What you should do: Your answer must be an exact copy of the lines below, from the first through the one with "the range 247-275?", with no pictures.

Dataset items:
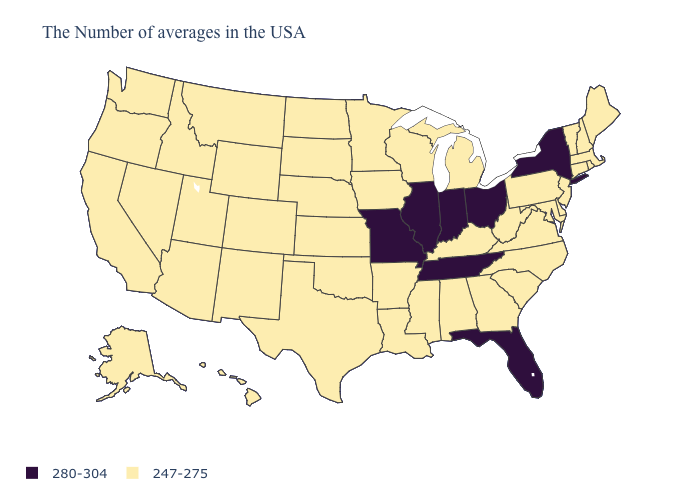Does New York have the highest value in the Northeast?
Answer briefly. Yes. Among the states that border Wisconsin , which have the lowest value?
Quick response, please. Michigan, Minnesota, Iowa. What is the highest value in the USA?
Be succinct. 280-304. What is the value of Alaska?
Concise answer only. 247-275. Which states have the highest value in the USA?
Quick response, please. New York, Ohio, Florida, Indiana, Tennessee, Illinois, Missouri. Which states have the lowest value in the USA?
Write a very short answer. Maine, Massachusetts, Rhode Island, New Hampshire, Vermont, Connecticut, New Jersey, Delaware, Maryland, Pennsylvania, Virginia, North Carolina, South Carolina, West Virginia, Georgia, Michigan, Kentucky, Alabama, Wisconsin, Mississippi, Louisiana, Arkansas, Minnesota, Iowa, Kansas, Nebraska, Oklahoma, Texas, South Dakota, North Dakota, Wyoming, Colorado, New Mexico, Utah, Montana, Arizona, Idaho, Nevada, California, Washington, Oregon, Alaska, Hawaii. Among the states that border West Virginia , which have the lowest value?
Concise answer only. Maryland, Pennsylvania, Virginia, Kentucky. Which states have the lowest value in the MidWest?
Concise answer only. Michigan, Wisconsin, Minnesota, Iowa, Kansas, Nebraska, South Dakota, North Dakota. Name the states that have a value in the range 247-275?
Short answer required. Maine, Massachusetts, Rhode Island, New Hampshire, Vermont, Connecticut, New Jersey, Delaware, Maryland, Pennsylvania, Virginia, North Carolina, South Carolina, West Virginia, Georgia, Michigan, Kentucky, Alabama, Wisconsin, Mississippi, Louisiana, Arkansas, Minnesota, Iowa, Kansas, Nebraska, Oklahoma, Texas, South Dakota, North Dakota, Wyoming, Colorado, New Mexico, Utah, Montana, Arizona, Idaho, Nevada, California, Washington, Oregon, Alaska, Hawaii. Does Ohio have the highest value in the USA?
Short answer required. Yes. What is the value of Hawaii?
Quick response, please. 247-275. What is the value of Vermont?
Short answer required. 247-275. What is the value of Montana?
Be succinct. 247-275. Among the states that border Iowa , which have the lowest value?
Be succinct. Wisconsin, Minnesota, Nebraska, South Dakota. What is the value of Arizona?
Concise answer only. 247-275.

Answer for the task:
Does New York have the highest value in the Northeast?
Answer briefly. Yes. Among the states that border Wisconsin , which have the lowest value?
Quick response, please. Michigan, Minnesota, Iowa. What is the highest value in the USA?
Be succinct. 280-304. What is the value of Alaska?
Concise answer only. 247-275. Which states have the highest value in the USA?
Quick response, please. New York, Ohio, Florida, Indiana, Tennessee, Illinois, Missouri. Which states have the lowest value in the USA?
Write a very short answer. Maine, Massachusetts, Rhode Island, New Hampshire, Vermont, Connecticut, New Jersey, Delaware, Maryland, Pennsylvania, Virginia, North Carolina, South Carolina, West Virginia, Georgia, Michigan, Kentucky, Alabama, Wisconsin, Mississippi, Louisiana, Arkansas, Minnesota, Iowa, Kansas, Nebraska, Oklahoma, Texas, South Dakota, North Dakota, Wyoming, Colorado, New Mexico, Utah, Montana, Arizona, Idaho, Nevada, California, Washington, Oregon, Alaska, Hawaii. Among the states that border West Virginia , which have the lowest value?
Concise answer only. Maryland, Pennsylvania, Virginia, Kentucky. Which states have the lowest value in the MidWest?
Concise answer only. Michigan, Wisconsin, Minnesota, Iowa, Kansas, Nebraska, South Dakota, North Dakota. Name the states that have a value in the range 247-275?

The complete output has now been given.